It is not enough to answer that the exercise of federal judicial power depends on a § 5032 certificate. One could say the same about a grand jury indictment. Yet the Supreme Court in Abney, while sustaining its appellate jurisdiction to consider the defendant’s double jeopardy claim, refused to reach his challenge to the sufficiency of the indictment. See 431 U.S. at 663. Indictments are the functional equivalent of § 5032 certifications; both signify that there is a significant federal interest; both invoke the authority of the district court to proceed; both are subject to challenge. Yet indictments cannot be considered “jurisdictional” in any meaningful sense. Simply because some condition or requirement is a prerequisite to criminal proceedings does not make the condition or requirement jurisdictional. A case must be brought within the period of limitations. There must be a speedy trial. The grand jury must be properly constituted. Trial must occur in a specified venue. Some offenses must be tried by a jury. Defendants are entitled to counsel. None of these are considered “jurisdictional.”

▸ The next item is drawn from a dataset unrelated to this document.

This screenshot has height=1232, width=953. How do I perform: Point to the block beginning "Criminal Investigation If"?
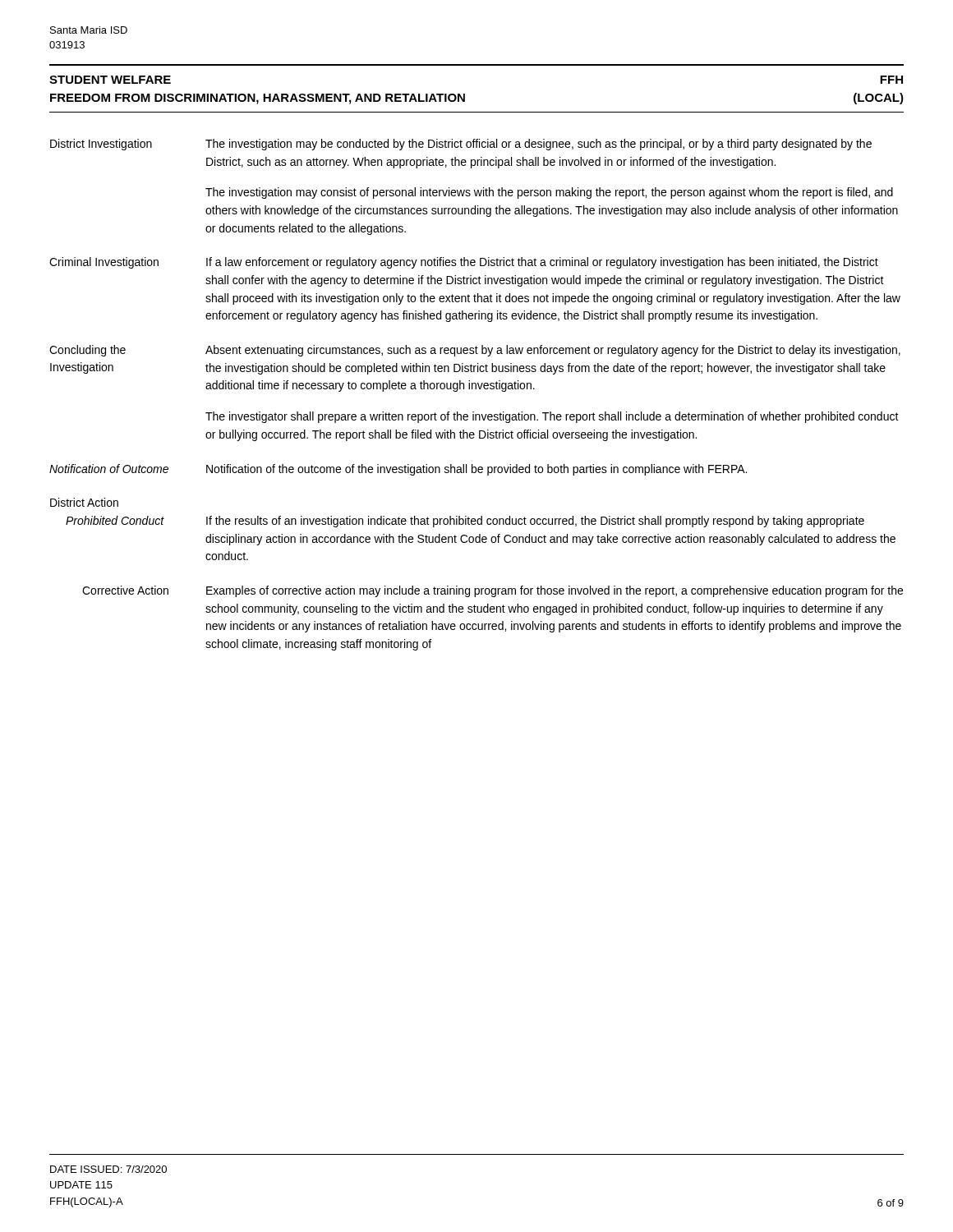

We would do well to remember that calling something “jurisdictional” will have lasting, important and perhaps unanticipated effects in future cases. If the Attorney General’s certification is jurisdictional, as my colleagues hold, challenges to it may be raised initially in the middle of trial, or right before sentencing, or on appeal, or in a petition for rehearing, or at any other time. Also, if the certification is jurisdictional, the juvenile defendant may not waive the requirement, even I suppose by pleading guilty. Yet I see no *219good reason — the majority offers none — why a defendant should be permitted to attack a certificate for the first time on appeal, or why a juvenile cannot waive the requirement altogether, or why a § 5032 certificate ought to be considered any more important than the many constitutional and statutory requirements which must be raised at trial and which can be waived.
In short, I believe that rather than succumbing to the temptation to resolve the issue on its merits, the majority should have dismissed the appeal from the district court’s certification order on the authority of Abney v. United States.

. The majority cites two other cases—Impounded, 117 F.3d 730, 733 (3d Cir.1997), and United States v. Juvenile Male #1, 118 F.3d 298, 303 (5th Cir.1997) — supposedly holding that the requirement that a prosecutor certify a substantial federal interest was jurisdictional. Impounded. merely "assume[d] that the § 5032 certification is a prerequisite ,to the district court exercising jurisdiction over the transfer hearing.” 117 F.3d at 733. Juvenile Male #1 made the same assumption. 118 F.3d at 303-04.